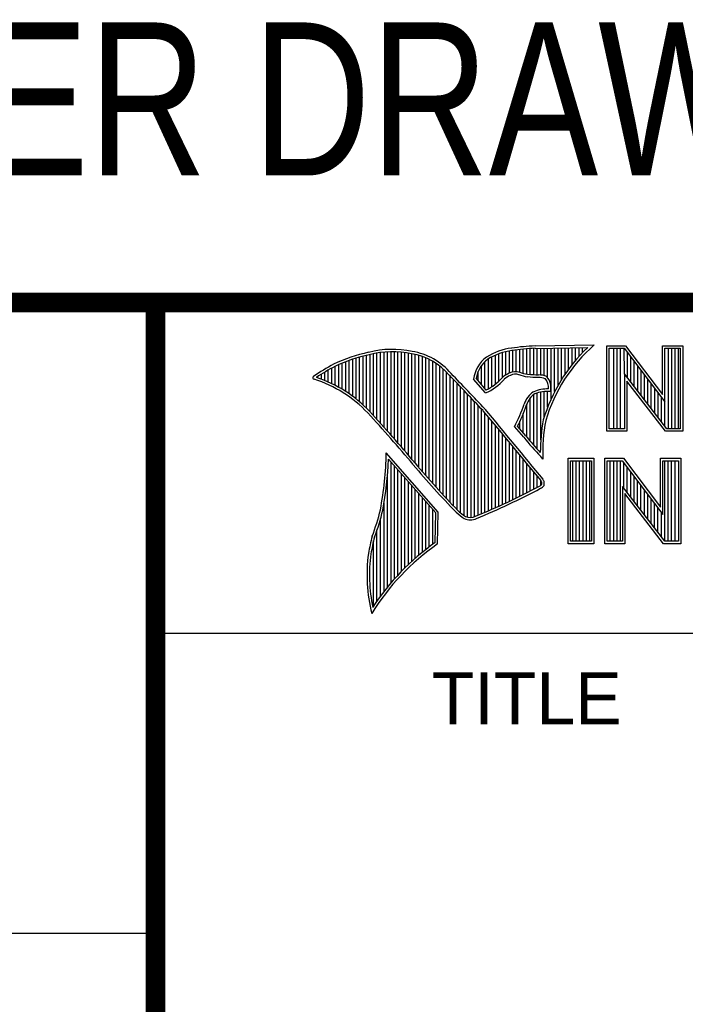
# Model space of a CAD drawing. Header units: inches. Extents: x 0.2 to 16.8, y 0.1 to 10.8.
# Tile 5 of 10: x 12.9 to 13.6, y 1.3 to 2.3. Entities that reach past the tile are written whole.
import ezdxf
from ezdxf.enums import TextEntityAlignment as Align

# ---------------------------------------------------------------- set-up
doc = ezdxf.new("R2010")
doc.units = ezdxf.units.IN
doc.header["$LTSCALE"] = 0.935
doc.header["$MEASUREMENT"] = 0
doc.layers.get('0').update_dxf_attribs({"linetype": 'CONTINUOUS'})
doc.styles.get("Standard").update_dxf_attribs({"font": 'txt', "width": 0.8})

msp = doc.modelspace()

# ---------------------------------------------------------------- linework, layer by layer
at = {"color": 2, "linetype": 'CONTINUOUS'}
for p, q in [((13.0652, 1.9695), (16.745, 1.9695)), ((13.0652, 1.9695), (13.0652, 0.2605)), ((13.3058, 1.8351), (13.3058, 1.9201)), ((13.3093, 1.8311), (13.3093, 1.9201)), ((13.4231, 1.8964), (13.4231, 1.9203)), ((13.4266, 1.8982), (13.4266, 1.9209)), ((13.4302, 1.8995), (13.4302, 1.9214)), ((13.4337, 1.8997), (13.4337, 1.922)), ((13.4373, 1.8991), (13.4373, 1.9224)), ((13.4408, 1.898), (13.4408, 1.9228)), ((13.4444, 1.8972), (13.4444, 1.9231)), ((13.4479, 1.8969), (13.4479, 1.9234)), ((13.4515, 1.8966), (13.4515, 1.9236)), ((13.4529, 1.9261), (13.5132, 1.9271)), ((13.453, 1.9236), (13.5067, 1.9245)), ((13.455, 1.8965), (13.455, 1.9237)), ((13.4586, 1.8964), (13.4586, 1.9237)), ((13.4622, 1.8957), (13.4622, 1.9238)), ((13.4657, 1.8935), (13.4657, 1.9238)), ((13.4693, 1.872), (13.4693, 1.9239)), ((13.4728, 1.8794), (13.4728, 1.9239)), ((13.4764, 1.8859), (13.4764, 1.924)), ((13.4799, 1.8919), (13.4799, 1.924)), ((13.4835, 1.8973), (13.4835, 1.9241)), ((13.487, 1.9023), (13.487, 1.9242)), ((13.4906, 1.9069), (13.4906, 1.9242)), ((13.4941, 1.9112), (13.4941, 1.9243)), ((13.4977, 1.9153), (13.4977, 1.9243)), ((13.5013, 1.9191), (13.5013, 1.9244)), ((13.5261, 1.9263), (13.5451, 1.9263)), ((13.5261, 1.839), (13.5261, 1.9263)), ((13.5286, 1.9237), (13.5439, 1.9237)), ((13.5286, 1.8415), (13.5286, 1.9237)), ((13.5332, 1.8415), (13.5332, 1.9237)), ((13.5367, 1.8415), (13.5367, 1.9237)), ((13.5402, 1.8415), (13.5402, 1.9237)), ((13.5441, 1.8976), (13.5437, 1.9237)), ((13.5439, 1.9237), (13.5854, 1.869)), ((13.5451, 1.9263), (13.5829, 1.8765)), ((13.5829, 1.9263), (13.6036, 1.9263)), ((13.5829, 1.8765), (13.5829, 1.9263)), ((13.5854, 1.9237), (13.6011, 1.9237)), ((13.5854, 1.869), (13.5854, 1.9237)), ((13.5889, 1.8415), (13.5889, 1.9237)), ((13.5923, 1.8415), (13.5923, 1.9237)), ((13.5958, 1.8415), (13.5958, 1.9237)), ((13.5993, 1.8415), (13.5993, 1.9237)), ((13.6011, 1.9237), (13.6011, 1.8415)), ((13.6036, 1.9263), (13.6036, 1.839)), ((13.2631, 1.8772), (13.2631, 1.9111)), ((13.2667, 1.8747), (13.2667, 1.9124)), ((13.2702, 1.872), (13.2702, 1.9135)), ((13.2738, 1.869), (13.2738, 1.9146)), ((13.2773, 1.8658), (13.2773, 1.9155)), ((13.2809, 1.8624), (13.2809, 1.9164)), ((13.2844, 1.8587), (13.2844, 1.9173)), ((13.288, 1.8549), (13.288, 1.9181)), ((13.2915, 1.851), (13.2915, 1.9188)), ((13.2951, 1.8471), (13.2951, 1.9194)), ((13.2987, 1.8431), (13.2987, 1.9198)), ((13.3022, 1.8391), (13.3022, 1.92)), ((13.3129, 1.827), (13.3129, 1.9199)), ((13.3164, 1.8229), (13.3164, 1.9196)), ((13.32, 1.8188), (13.32, 1.9192)), ((13.3235, 1.8146), (13.3235, 1.9186)), ((13.3271, 1.8104), (13.3271, 1.9179)), ((13.3306, 1.8062), (13.3306, 1.9172)), ((13.3342, 1.802), (13.3342, 1.9163)), ((13.3378, 1.7978), (13.3378, 1.9151)), ((13.3413, 1.7937), (13.3413, 1.9138)), ((13.3449, 1.7897), (13.3449, 1.9122)), ((13.3484, 1.7856), (13.3484, 1.9103)), ((13.4017, 1.8824), (13.4017, 1.9101)), ((13.4053, 1.8823), (13.4053, 1.9129)), ((13.4088, 1.8844), (13.4088, 1.915)), ((13.4124, 1.887), (13.4124, 1.9167)), ((13.4159, 1.89), (13.4159, 1.9182)), ((13.4195, 1.8937), (13.4195, 1.9193)), ((13.5471, 1.8936), (13.5471, 1.9194)), ((13.5506, 1.8891), (13.5506, 1.9149)), ((13.5541, 1.8846), (13.5541, 1.9103)), ((13.2418, 1.8892), (13.2418, 1.9015)), ((13.2453, 1.8876), (13.2453, 1.9035)), ((13.2489, 1.8858), (13.2489, 1.9054)), ((13.2524, 1.8839), (13.2524, 1.9069)), ((13.256, 1.8818), (13.256, 1.9084)), ((13.2596, 1.8796), (13.2596, 1.9098)), ((13.352, 1.7817), (13.352, 1.9081)), ((13.3555, 1.7778), (13.3555, 1.9055)), ((13.3591, 1.7739), (13.3591, 1.9026)), ((13.3982, 1.8866), (13.3982, 1.9062)), ((13.5576, 1.8801), (13.5576, 1.9057)), ((13.561, 1.8756), (13.561, 1.9011)), ((13.2311, 1.8934), (13.2311, 1.8949)), ((13.2347, 1.8921), (13.2347, 1.8972)), ((13.2382, 1.8907), (13.2382, 1.8994)), ((13.3626, 1.7701), (13.3626, 1.8991)), ((13.3662, 1.7663), (13.3662, 1.8952)), ((13.3697, 1.7625), (13.3697, 1.8915)), ((13.4022, 1.878), (13.3901, 1.8922)), ((13.4029, 1.881), (13.3927, 1.893)), ((13.3946, 1.8908), (13.3946, 1.8999)), ((13.5873, 1.8415), (13.5441, 1.8976)), ((13.5441, 1.8976), (13.5441, 1.8415)), ((13.586, 1.839), (13.5466, 1.8902)), ((13.5466, 1.8902), (13.5466, 1.839)), ((13.5645, 1.8711), (13.5645, 1.8965)), ((13.568, 1.8665), (13.568, 1.8919)), ((13.3733, 1.7588), (13.3733, 1.8878)), ((13.3769, 1.7556), (13.3769, 1.8841)), ((13.3804, 1.7529), (13.3804, 1.8803)), ((13.5715, 1.862), (13.5715, 1.8874)), ((13.575, 1.8575), (13.575, 1.8828)), ((13.384, 1.7512), (13.384, 1.8766)), ((13.3875, 1.7509), (13.3875, 1.8728)), ((13.4479, 1.8288), (13.4479, 1.873)), ((13.4515, 1.8247), (13.4515, 1.8764)), ((13.455, 1.8207), (13.455, 1.878)), ((13.4586, 1.8303), (13.4586, 1.879)), ((13.4622, 1.8535), (13.4622, 1.8795)), ((13.4657, 1.8636), (13.4657, 1.8798)), ((13.5784, 1.853), (13.5784, 1.8782)), ((13.5819, 1.8485), (13.5819, 1.8736)), ((13.3911, 1.7518), (13.3911, 1.8691)), ((13.3946, 1.7533), (13.3946, 1.8653)), ((13.3982, 1.7548), (13.3982, 1.8615)), ((13.4444, 1.8331), (13.4444, 1.8665)), ((13.5854, 1.844), (13.5854, 1.869)), ((13.4017, 1.7563), (13.4017, 1.8574)), ((13.4053, 1.7578), (13.4053, 1.8531)), ((13.4408, 1.8372), (13.4408, 1.8572)), ((13.4088, 1.7593), (13.4088, 1.8488)), ((13.4124, 1.7609), (13.4124, 1.8445)), ((13.4159, 1.7625), (13.4159, 1.8402)), ((13.4414, 1.8328), (13.4319, 1.8437)), ((13.4433, 1.8344), (13.4349, 1.844)), ((13.4373, 1.8413), (13.4373, 1.8491)), ((13.5441, 1.8415), (13.5286, 1.8415)), ((13.6011, 1.8415), (13.5873, 1.8415)), ((13.4195, 1.7641), (13.4195, 1.8359)), ((13.4231, 1.7657), (13.4231, 1.8316)), ((13.5466, 1.839), (13.5261, 1.839)), ((13.6036, 1.839), (13.586, 1.839)), ((13.4266, 1.7674), (13.4266, 1.8273)), ((13.4302, 1.7691), (13.4302, 1.823)), ((13.3541, 1.7564), (13.301, 1.8168)), ((13.3515, 1.7555), (13.3033, 1.8103)), ((13.4337, 1.7708), (13.4337, 1.8187)), ((13.4373, 1.7725), (13.4373, 1.8144)), ((13.4408, 1.7743), (13.4408, 1.8101)), ((13.4609, 1.8106), (13.4586, 1.8131)), ((13.4865, 1.8113), (13.5128, 1.8113)), ((13.4865, 1.724), (13.4865, 1.8113)), ((13.5128, 1.8113), (13.5128, 1.724)), ((13.5241, 1.8113), (13.5432, 1.8113)), ((13.5241, 1.724), (13.5241, 1.8113)), ((13.5432, 1.8113), (13.5809, 1.7616)), ((13.5809, 1.8113), (13.6016, 1.8113)), ((13.5809, 1.7616), (13.5809, 1.8113)), ((13.6016, 1.8113), (13.6016, 1.724)), ((13.3058, 1.684), (13.3058, 1.8075)), ((13.3093, 1.6881), (13.3093, 1.8035)), ((13.4444, 1.7761), (13.4444, 1.8058)), ((13.4479, 1.7779), (13.4479, 1.8015)), ((13.489, 1.8087), (13.5103, 1.8087)), ((13.489, 1.7266), (13.489, 1.8087)), ((13.4914, 1.7266), (13.4914, 1.8087)), ((13.4949, 1.7266), (13.4949, 1.8087)), ((13.4983, 1.7266), (13.4983, 1.8087)), ((13.5018, 1.7266), (13.5018, 1.8087)), ((13.5053, 1.7266), (13.5053, 1.8087)), ((13.5088, 1.7266), (13.5088, 1.8087)), ((13.5103, 1.8087), (13.5103, 1.7266)), ((13.5266, 1.8088), (13.5419, 1.8088)), ((13.5266, 1.7266), (13.5266, 1.8088)), ((13.5296, 1.7266), (13.5296, 1.8088)), ((13.5331, 1.7266), (13.5331, 1.8088)), ((13.5366, 1.7266), (13.5366, 1.8088)), ((13.5401, 1.7266), (13.5401, 1.8088)), ((13.5419, 1.8088), (13.5834, 1.7541)), ((13.5435, 1.7809), (13.5435, 1.8067)), ((13.547, 1.7763), (13.547, 1.8021)), ((13.5834, 1.8088), (13.5991, 1.8088)), ((13.5834, 1.7541), (13.5834, 1.8088)), ((13.5852, 1.7266), (13.5852, 1.8088)), ((13.5887, 1.7266), (13.5887, 1.8088)), ((13.5922, 1.7266), (13.5922, 1.8088)), ((13.5957, 1.7266), (13.5957, 1.8088)), ((13.5991, 1.8088), (13.5991, 1.7266)), ((13.3022, 1.6797), (13.3022, 1.7929)), ((13.3129, 1.692), (13.3129, 1.7994)), ((13.3164, 1.6958), (13.3164, 1.7954)), ((13.32, 1.6994), (13.32, 1.7914)), ((13.4515, 1.7798), (13.4515, 1.7972)), ((13.455, 1.7817), (13.455, 1.7929)), ((13.5505, 1.7718), (13.5505, 1.7975)), ((13.554, 1.7673), (13.554, 1.7929)), ((13.3235, 1.7028), (13.3235, 1.7873)), ((13.3271, 1.7061), (13.3271, 1.7833)), ((13.4586, 1.7837), (13.4586, 1.7886)), ((13.5853, 1.7266), (13.5421, 1.7827)), ((13.5421, 1.7827), (13.5421, 1.7266)), ((13.5574, 1.7628), (13.5574, 1.7884)), ((13.5609, 1.7583), (13.5609, 1.7838)), ((13.3306, 1.7093), (13.3306, 1.7792)), ((13.3342, 1.7123), (13.3342, 1.7752)), ((13.3378, 1.7152), (13.3378, 1.7712)), ((13.5841, 1.724), (13.5446, 1.7753)), ((13.5446, 1.7753), (13.5446, 1.724)), ((13.5644, 1.7538), (13.5644, 1.7792)), ((13.5679, 1.7492), (13.5679, 1.7746)), ((13.5713, 1.7447), (13.5713, 1.77)), ((13.2987, 1.6752), (13.2987, 1.7654)), ((13.3413, 1.718), (13.3413, 1.7671)), ((13.3449, 1.7208), (13.3449, 1.7631)), ((13.5748, 1.7402), (13.5748, 1.7654)), ((13.5783, 1.7357), (13.5783, 1.7609)), ((13.2951, 1.6705), (13.2951, 1.7497)), ((13.3484, 1.7234), (13.3484, 1.759)), ((13.351, 1.7252), (13.3515, 1.7555)), ((13.3534, 1.7238), (13.3541, 1.7564)), ((13.5818, 1.7312), (13.5818, 1.7563)), ((13.2915, 1.6655), (13.2915, 1.7383)), ((13.288, 1.6603), (13.288, 1.7273)), ((13.5128, 1.724), (13.4865, 1.724)), ((13.5103, 1.7266), (13.489, 1.7266)), ((13.5446, 1.724), (13.5241, 1.724)), ((13.5421, 1.7266), (13.5266, 1.7266)), ((13.6016, 1.724), (13.5841, 1.724)), ((13.5991, 1.7266), (13.5853, 1.7266)), ((13.0653, 1.6329), (16.75, 1.6329)), ((11.482, 1.3265), (13.0653, 1.3265))]:
    msp.add_line(p, q, dxfattribs=at)
at = {"color": 7, "linetype": 'CONTINUOUS', "const_width": 0.02}
for points in [[(11.4718, 1.9702), (16.75, 1.9707)], [(13.0653, 1.9707), (13.0653, 0.2586)]]:
    msp.add_lwpolyline(points, dxfattribs=at)
at = {"color": 2, "linetype": 'CONTINUOUS'}
for centre, radius, start, end in [((13.307, 1.8302), 0.0924, 77.2812, 105.0674), ((13.307, 1.8302), 0.0899, 77.2325, 105.1014), ((13.3167, 1.8552), 0.0661, 40.2336, 80.7738), ((13.4354, 1.8654), 0.0587, 96.3007, 123.1683), ((13.4354, 1.8654), 0.0562, 96.2448, 123.1265), ((13.4616, 1.7138), 0.2125, 92.3477, 98.8369), ((13.4616, 1.7138), 0.21, 92.3565, 98.8522), ((13.6217, 1.8028), 0.1674, 133.4016, 163.4573), ((13.6217, 1.8028), 0.1649, 131.1194, 163.4134), ((13.3216, 1.7468), 0.177, 102.6162, 114.8514), ((13.3216, 1.7468), 0.1745, 102.5985, 114.8293), ((13.3167, 1.8552), 0.0636, 40.1648, 80.8423), ((13.4213, 1.8889), 0.0313, 125.0326, 174.0473), ((13.4213, 1.8889), 0.0288, 125.1127, 171.9558), ((13.3447, 1.7236), 0.208, 117.9346, 124.569), ((13.3447, 1.7236), 0.2055, 117.9533, 124.0367), ((13.2274, 1.8935), 0.00155, 121.3524, 265.803), ((13.1892, 1.7705), 0.1273, 43.1667, 72.5704), ((13.1892, 1.7705), 0.1298, 43.1667, 71.8499), ((9.4003, -1.9018), 5.4906, 43.2466, 43.7675), ((9.4003, -1.9018), 5.4931, 43.2457, 43.7667), ((13.3796, 1.9289), 0.0557, 293.9922, 318.4433), ((13.3796, 1.9289), 0.0532, 295.9955, 318.5906), ((13.4362, 1.8753), 0.0249, 112.9192, 132.2696), ((13.4362, 1.8753), 0.0224, 112.6635, 131.9293), ((13.433, 1.8857), 0.014, 72.6167, 117.3893), ((13.433, 1.8857), 0.0115, 72.9386, 117.864), ((13.4494, 1.9318), 0.0374, 249.5553, 263.1674), ((13.4494, 1.9318), 0.0349, 249.4421, 263.134), ((13.4585, 2.0257), 0.1317, 264.112, 269.1019), ((13.4585, 2.0257), 0.1292, 264.1212, 269.0704), ((13.4571, 1.8788), 0.0176, 64.4657, 92.2507), ((13.4571, 1.8788), 0.0151, 66.3199, 92.502), ((13.4523, 1.8834), 0.0143, 355.2993, 40.45), ((13.4523, 1.8834), 0.0168, 347.1186, 42.4046), ((13.4663, 1.8423), 0.0399, 89.6555, 111.8728), ((13.4638, 1.86), 0.023, 122.696, 163.5009), ((13.4638, 1.86), 0.0205, 123.3504, 163.7172), ((13.4663, 1.8423), 0.0374, 86.3771, 111.5055), ((65.6515, 44.9666), 67.738, 219.521915, 219.600266), ((65.6515, 44.9666), 67.7355, 219.521847, 219.600368), ((13.2265, 1.9456), 0.2294, 333.6071, 339.8417), ((13.2265, 1.9456), 0.2319, 334.0205, 339.8621), ((12.2454, 0.8988), 1.4121, 39.915, 42.7661), ((12.2451, 0.8986), 1.4149, 39.9155, 42.7665), ((13.6305, 1.8183), 0.1723, 169.238, 180.3751), ((13.6305, 1.8183), 0.1698, 169.2806, 182.6074), ((13.7339, 2.0706), 0.377, 219.1094, 223.0893), ((13.7339, 2.0706), 0.3745, 219.1028, 222.5928), ((12.9647, 1.8225), 0.3363, 349.0855, 359.0208), ((12.9647, 1.8225), 0.3388, 349.0755, 357.9397), ((14.0519, 2.4128), 0.945, 220.0426, 224.0118), ((14.0519, 2.4128), 0.9425, 220.0428, 224.0077), ((13.4462, 1.7802), 0.0175, 24.6833, 34.3208), ((13.1446, 2.3649), 0.6607, 291.9868, 298.2489), ((13.1446, 2.3649), 0.6632, 291.9989, 298.2507), ((13.4509, 1.7943), 0.0131, 299.2554, 311.2666), ((13.4509, 1.7943), 0.0156, 299.1713, 314.8064), ((13.4462, 1.7802), 0.015, 26.3669, 33.8971), ((13.4451, 1.7861), 0.0146, 353.6896, 3.0529), ((13.4451, 1.7861), 0.0171, 350.4808, 4.7809), ((13.0778, 1.8115), 0.2235, 339.0707, 346.3663), ((13.0778, 1.8115), 0.226, 339.1089, 346.3814), ((13.4134, 1.8005), 0.0604, 227.0935, 236.9215), ((13.4134, 1.8005), 0.0579, 227.1594, 236.7882), ((13.3867, 1.762), 0.0136, 242.8488, 298.0515), ((13.3867, 1.762), 0.0111, 243.4895, 298.6992), ((13.4956, 1.6793), 0.2156, 165.9357, 170.6856), ((13.4956, 1.6793), 0.2131, 165.9758, 170.6758), ((13.4878, 1.5294), 0.2364, 124.643, 148.5565), ((13.4878, 1.5294), 0.2389, 124.9511, 147.0981), ((13.4469, 1.6922), 0.1656, 172.3562, 193.7958), ((13.4469, 1.6922), 0.1631, 172.369, 191.6868)]:
    msp.add_arc(centre, radius, start, end, dxfattribs=at)

# ---------------------------------------------------------------- texts
at = {"color": 7, "linetype": 'CONTINUOUS', "width": 0.8}
msp.add_text('CUSTOMER DRAWING', height=0.15625, dxfattribs=at).set_placement((13.0668, 2.1001), align=Align.CENTER)
at = {"color": 2, "linetype": 'CONTINUOUS'}
msp.add_text('TITLE', height=0.05325, dxfattribs=at).set_placement((13.3474, 1.5397))

doc.saveas('drawing.dxf')

**ACTIVITY**
As listed above, the lines from the line with "doc.units = ezdxf.units.IN" to the line with "msp = doc.modelspace()" are to be echoed exactly, with both ends included and nothing added.

**EXPECTED OUTPUT**
doc.units = ezdxf.units.IN
doc.header["$LTSCALE"] = 0.935
doc.header["$MEASUREMENT"] = 0
doc.layers.get('0').update_dxf_attribs({"linetype": 'CONTINUOUS'})
doc.styles.get("Standard").update_dxf_attribs({"font": 'txt', "width": 0.8})

msp = doc.modelspace()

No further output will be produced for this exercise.